Before I can evaluate it more, the company’s share price ran up very quickly. DBS published a small-cap report, highlighting Hai Leck among other stocks that look intriguing given their low earnings ratios, high net cash per share and dividend yield.

“Hock Lian Seng and Hai Leck Holdings are the most intriguing as they are also trading at just 6.6 times and 6.1 times PE respectively, while trading at 71 per cent and 66 per cent of net cash per share,” DBS analyst Paul Yong wrote on Oct 10.

Last Wednesday, Hai Leck reported increased profits and declared a five Singapore cent dividend, which was an 11 per cent yield on its last price.
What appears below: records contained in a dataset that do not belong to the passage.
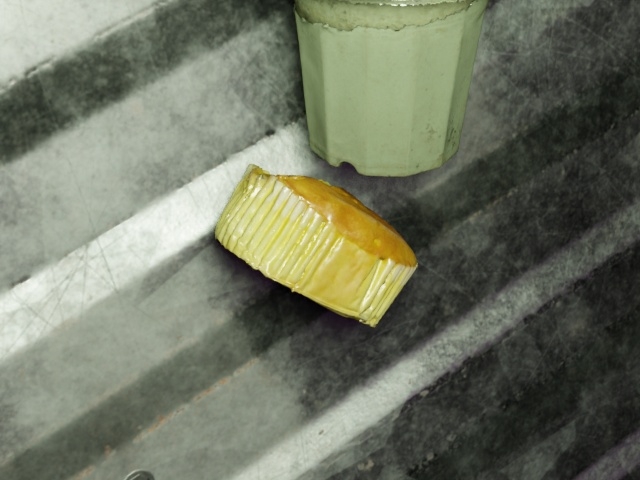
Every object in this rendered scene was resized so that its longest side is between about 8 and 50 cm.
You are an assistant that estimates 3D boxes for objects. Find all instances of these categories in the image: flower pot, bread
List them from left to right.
[{"bbox_3d":[0.000,0.000,1.428,0.250,0.179,0.133,29,98,-25],"label":"bread"},{"bbox_3d":[0.073,-0.227,1.364,0.290,0.290,0.259,-15,126,-26],"label":"flower pot"}]
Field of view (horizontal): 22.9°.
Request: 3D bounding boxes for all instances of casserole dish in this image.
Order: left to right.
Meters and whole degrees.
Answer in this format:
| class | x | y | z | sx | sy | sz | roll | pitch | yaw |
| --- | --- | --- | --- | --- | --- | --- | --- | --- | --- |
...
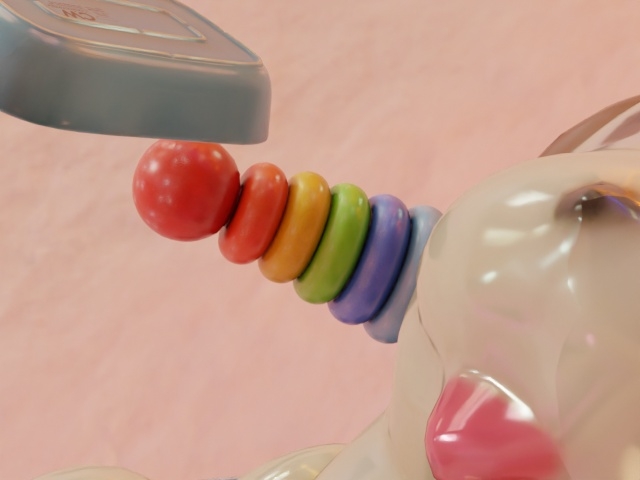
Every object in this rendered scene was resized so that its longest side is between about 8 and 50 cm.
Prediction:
| class | x | y | z | sx | sy | sz | roll | pitch | yaw |
| --- | --- | --- | --- | --- | --- | --- | --- | --- | --- |
| casserole dish | -0.097 | -0.085 | 0.699 | 0.188 | 0.037 | 0.114 | 0 | 30 | -49 |

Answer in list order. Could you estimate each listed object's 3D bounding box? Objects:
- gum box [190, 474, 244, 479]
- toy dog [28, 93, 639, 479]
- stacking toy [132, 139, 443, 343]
| class | x | y | z | sx | sy | sz | roll | pitch | yaw |
| --- | --- | --- | --- | --- | --- | --- | --- | --- | --- |
| gum box | -0.130 | 0.331 | 1.666 | 0.184 | 0.041 | 0.157 | -4 | 86 | -15 |
| toy dog | 0.094 | 0.153 | 0.438 | 0.395 | 0.408 | 0.284 | 9 | 15 | -28 |
| stacking toy | 0.000 | 0.000 | 1.320 | 0.330 | 0.141 | 0.141 | 21 | 53 | -11 |
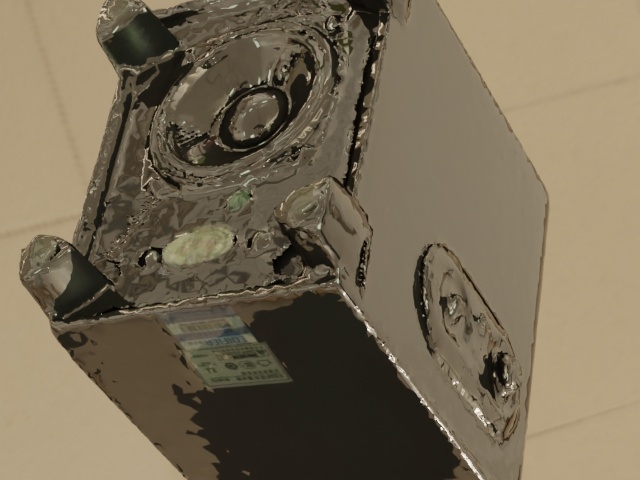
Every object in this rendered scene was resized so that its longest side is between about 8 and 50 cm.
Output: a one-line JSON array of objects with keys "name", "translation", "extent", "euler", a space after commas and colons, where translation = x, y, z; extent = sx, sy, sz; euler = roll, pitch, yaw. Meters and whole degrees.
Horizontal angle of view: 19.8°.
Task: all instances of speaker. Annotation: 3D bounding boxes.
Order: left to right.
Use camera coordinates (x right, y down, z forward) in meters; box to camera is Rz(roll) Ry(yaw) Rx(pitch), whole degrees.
[{"name": "speaker", "translation": [0.000, 0.000, 0.982], "extent": [0.254, 0.184, 0.232], "euler": [54, 35, -42]}]
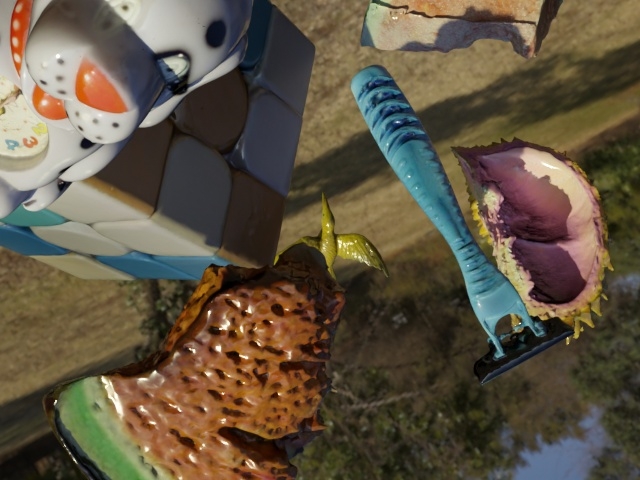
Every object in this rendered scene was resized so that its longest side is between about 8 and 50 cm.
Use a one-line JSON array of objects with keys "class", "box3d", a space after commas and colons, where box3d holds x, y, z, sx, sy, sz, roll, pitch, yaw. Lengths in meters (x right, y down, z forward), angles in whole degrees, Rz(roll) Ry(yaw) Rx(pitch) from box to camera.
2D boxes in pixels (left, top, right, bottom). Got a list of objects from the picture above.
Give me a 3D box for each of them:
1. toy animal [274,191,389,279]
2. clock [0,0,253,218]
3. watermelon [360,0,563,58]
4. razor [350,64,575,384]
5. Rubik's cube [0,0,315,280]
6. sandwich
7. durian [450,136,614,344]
[{"class": "toy animal", "box3d": [0.000, 0.000, 1.482, 0.219, 0.155, 0.095, -5, 169, -18]}, {"class": "clock", "box3d": [-0.148, -0.129, 0.553, 0.253, 0.189, 0.189, -10, -170, 34]}, {"class": "watermelon", "box3d": [0.212, -0.343, 1.197, 0.318, 0.226, 0.148, -15, 142, -8]}, {"class": "razor", "box3d": [0.095, -0.021, 0.647, 0.081, 0.253, 0.042, -29, 173, 7]}, {"class": "Rubik's cube", "box3d": [-0.253, -0.156, 1.041, 0.346, 0.345, 0.347, 0, 160, 34]}, {"class": "sandwich", "box3d": [-0.092, 0.130, 0.805, 0.301, 0.250, 0.162, -50, -162, -3]}, {"class": "durian", "box3d": [0.304, 0.001, 1.192, 0.191, 0.341, 0.112, -4, 144, -12]}]
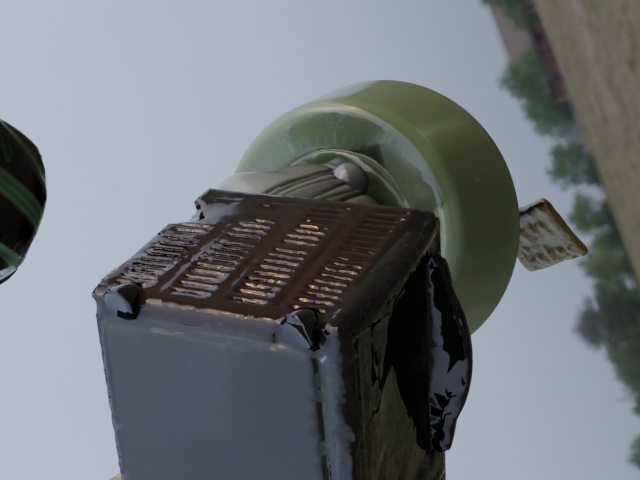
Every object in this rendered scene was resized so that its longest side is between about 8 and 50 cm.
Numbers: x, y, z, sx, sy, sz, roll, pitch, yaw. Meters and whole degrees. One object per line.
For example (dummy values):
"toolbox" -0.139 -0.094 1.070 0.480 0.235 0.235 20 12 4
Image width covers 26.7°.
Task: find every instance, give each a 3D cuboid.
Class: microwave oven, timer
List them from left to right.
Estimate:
"microwave oven" -0.017 0.110 0.854 0.178 0.188 0.247 -45 -42 -54
"timer" 0.000 0.000 1.257 0.315 0.291 0.291 -16 -96 -61

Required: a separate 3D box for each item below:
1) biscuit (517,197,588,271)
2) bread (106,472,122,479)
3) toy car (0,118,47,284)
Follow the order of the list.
"biscuit" 0.229 -0.005 1.423 0.081 0.083 0.018 48 -130 -17
"bread" -0.112 0.371 1.270 0.398 0.215 0.398 38 145 33
"toy car" -0.320 -0.083 1.006 0.306 0.125 0.136 37 -128 -31
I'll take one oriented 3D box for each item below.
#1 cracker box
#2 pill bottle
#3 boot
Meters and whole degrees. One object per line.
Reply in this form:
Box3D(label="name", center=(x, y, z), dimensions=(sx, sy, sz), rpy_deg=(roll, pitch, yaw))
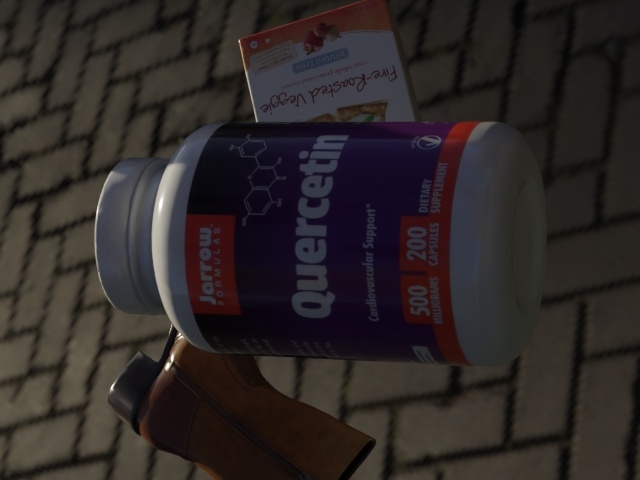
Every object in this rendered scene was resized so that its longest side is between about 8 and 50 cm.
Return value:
Box3D(label="cracker box", center=(0.021, -0.109, 1.732), dimensions=(0.155, 0.067, 0.232), rpy_deg=(-17, 71, 9))
Box3D(label="pill bottle", center=(0.000, 0.000, 1.330), dimensions=(0.322, 0.181, 0.182), rpy_deg=(1, 60, 20))
Box3D(label="boot", center=(-0.059, 0.148, 1.875), dimensions=(0.280, 0.096, 0.264), rpy_deg=(31, 74, 30))
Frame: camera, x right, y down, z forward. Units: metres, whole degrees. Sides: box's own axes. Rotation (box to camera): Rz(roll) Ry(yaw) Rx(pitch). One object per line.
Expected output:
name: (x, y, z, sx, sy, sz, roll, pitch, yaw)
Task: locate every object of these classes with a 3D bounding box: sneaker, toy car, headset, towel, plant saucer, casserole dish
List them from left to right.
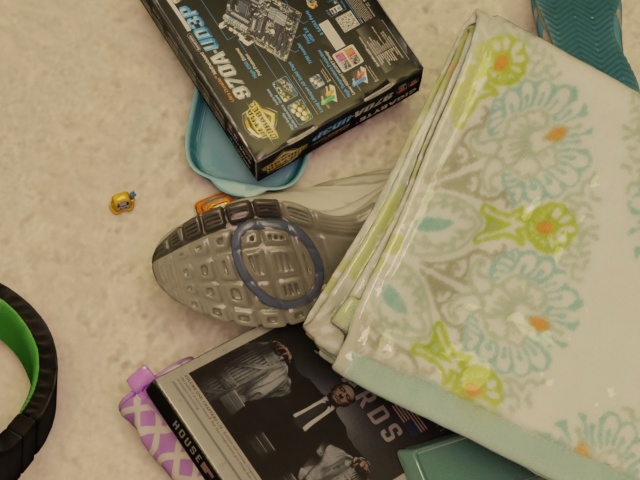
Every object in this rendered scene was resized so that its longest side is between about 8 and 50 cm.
headset: (-0.368, 0.137, 1.319, 0.243, 0.185, 0.394, 25, 45, 15)
toy car: (-0.125, -0.017, 1.507, 0.122, 0.040, 0.060, -3, 72, -4)
casserole dish: (-0.057, -0.122, 1.548, 0.114, 0.037, 0.188, 11, 72, 0)
sneaker: (0.000, 0.000, 1.465, 0.297, 0.129, 0.111, -10, 101, -14)
plant saucer: (0.159, 0.180, 1.437, 0.192, 0.018, 0.067, -13, 72, -29)
towel: (0.210, 0.031, 1.397, 0.374, 0.090, 0.320, 28, 83, -11)
sneaker: (0.235, -0.169, 1.557, 0.087, 0.092, 0.228, 0, 52, -1)

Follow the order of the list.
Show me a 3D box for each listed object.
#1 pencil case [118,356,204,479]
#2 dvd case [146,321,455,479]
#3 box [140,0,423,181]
pencil case: (-0.081, 0.192, 1.415, 0.086, 0.088, 0.206, -44, 76, 12)
dvd case: (-0.002, 0.144, 1.416, 0.239, 0.029, 0.179, -26, 74, -37)
box: (-0.039, -0.188, 1.524, 0.175, 0.051, 0.220, -31, 76, -12)
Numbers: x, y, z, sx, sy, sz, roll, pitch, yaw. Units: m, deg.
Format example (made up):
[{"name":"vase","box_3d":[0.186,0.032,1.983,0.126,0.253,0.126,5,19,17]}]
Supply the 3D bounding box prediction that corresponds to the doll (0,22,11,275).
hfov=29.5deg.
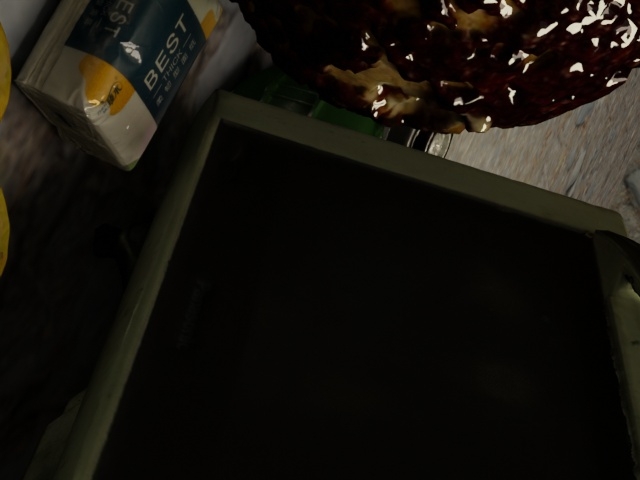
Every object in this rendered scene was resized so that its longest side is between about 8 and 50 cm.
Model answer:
[{"name":"doll","box_3d":[-0.155,0.004,0.190,0.314,0.141,0.177,-35,131,-67]}]

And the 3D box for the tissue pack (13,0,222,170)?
[{"name":"tissue pack","box_3d":[-0.076,-0.077,0.474,0.083,0.042,0.062,-62,164,-15]}]

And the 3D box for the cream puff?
[{"name":"cream puff","box_3d":[0.040,-0.158,0.429,0.164,0.239,0.239,9,106,-34]}]

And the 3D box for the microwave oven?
[{"name":"microwave oven","box_3d":[-0.011,0.168,0.483,0.394,0.247,0.333,-80,-178,-58]}]

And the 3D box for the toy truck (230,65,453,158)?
[{"name":"toy truck","box_3d":[0.000,0.000,0.700,0.125,0.101,0.243,-47,151,-37]}]
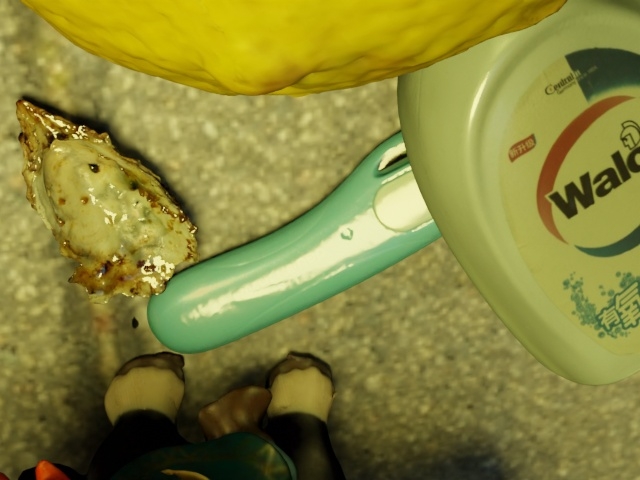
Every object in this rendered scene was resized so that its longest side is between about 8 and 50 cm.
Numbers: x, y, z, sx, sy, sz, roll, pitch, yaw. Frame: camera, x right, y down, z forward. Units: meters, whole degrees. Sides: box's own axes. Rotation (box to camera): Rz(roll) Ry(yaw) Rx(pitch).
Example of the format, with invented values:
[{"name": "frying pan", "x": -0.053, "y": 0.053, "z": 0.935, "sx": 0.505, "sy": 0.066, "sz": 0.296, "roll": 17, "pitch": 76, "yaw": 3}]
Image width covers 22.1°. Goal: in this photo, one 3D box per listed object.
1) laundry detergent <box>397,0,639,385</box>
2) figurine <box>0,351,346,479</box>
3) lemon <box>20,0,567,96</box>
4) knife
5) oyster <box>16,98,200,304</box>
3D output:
[{"name": "laundry detergent", "x": 0.141, "y": -0.083, "z": 0.859, "sx": 0.215, "sy": 0.105, "sz": 0.280, "roll": -35, "pitch": 115, "yaw": -11}, {"name": "figurine", "x": -0.045, "y": 0.209, "z": 0.838, "sx": 0.306, "sy": 0.412, "sz": 0.241, "roll": 33, "pitch": 119, "yaw": 6}, {"name": "lemon", "x": -0.026, "y": -0.235, "z": 0.596, "sx": 0.350, "sy": 0.349, "sz": 0.387, "roll": -26, "pitch": 131, "yaw": 5}, {"name": "knife", "x": 0.000, "y": 0.000, "z": 0.930, "sx": 0.222, "sy": 0.031, "sz": 0.064, "roll": -29, "pitch": 96, "yaw": 9}, {"name": "oyster", "x": -0.116, "y": -0.024, "z": 0.895, "sx": 0.086, "sy": 0.029, "sz": 0.132, "roll": -15, "pitch": 119, "yaw": -8}]

Even though revenues dropped, the firm was valued significantly higher the next day. Presumably, investors liked the dividends and the resilience of the firm’s call centre business. Now, at over 50 Singapore cents, it is still not expensive, but it is no longer as clearly cheap as it used to be.

Ultimately, as much as I love hunting for value stocks, I still don’t dare to invest too much in SMEs.

Due to their illiquidity, you might only buy a few hundred to a few thousand dollars at a time.

Sometimes, there might be just offers of just a few hundred shares on the “bid” or “ask” side. Spreads might be wide. Which means you might be paying your standard S$25 online commission to buy or sell just S$100 or S$200 of stock, and not necessarily at the best price. You have to sit by your screen the whole day to accumulate shares at a decent price, or input a firm bid price every day, hoping somebody bites.

At one point last Thursday, the “sell” queue even disappeared entirely for Hai Leck. During tough times, when you really need to sell, it might be likely that there will be no buyers, too.

Meanwhile, there’s no telling whether the oil industry will improve anytime soon. Hai Leck, after all, was trading for cheap because its core business recorded a sharp fall in revenue over the past year.

With digitisation and chat robots, the days of call centres manned by humans might be numbered.

For now, the centre is still hiring. A job site notes it is a “valuable business partner to renowned multi-national companies and key government organisations”.

Long may that last.

So hunting for small-cap value on the SGX is not as easy because companies are illiquid, and business prospects are hard to read.

Nevertheless, if my limited adventures in small-cap investing are anything to go by, there are opportunities still. There are ignored segments of stocks that don’t show up at analyst parties.

Investors who practice value investing have to value these firms based on a conservative estimate of earnings, across a business cycle if possible. The balance sheet and cash flow statements can help give a better understanding.

And just as there’s plenty of fish in the ocean, the market always gives you a chance.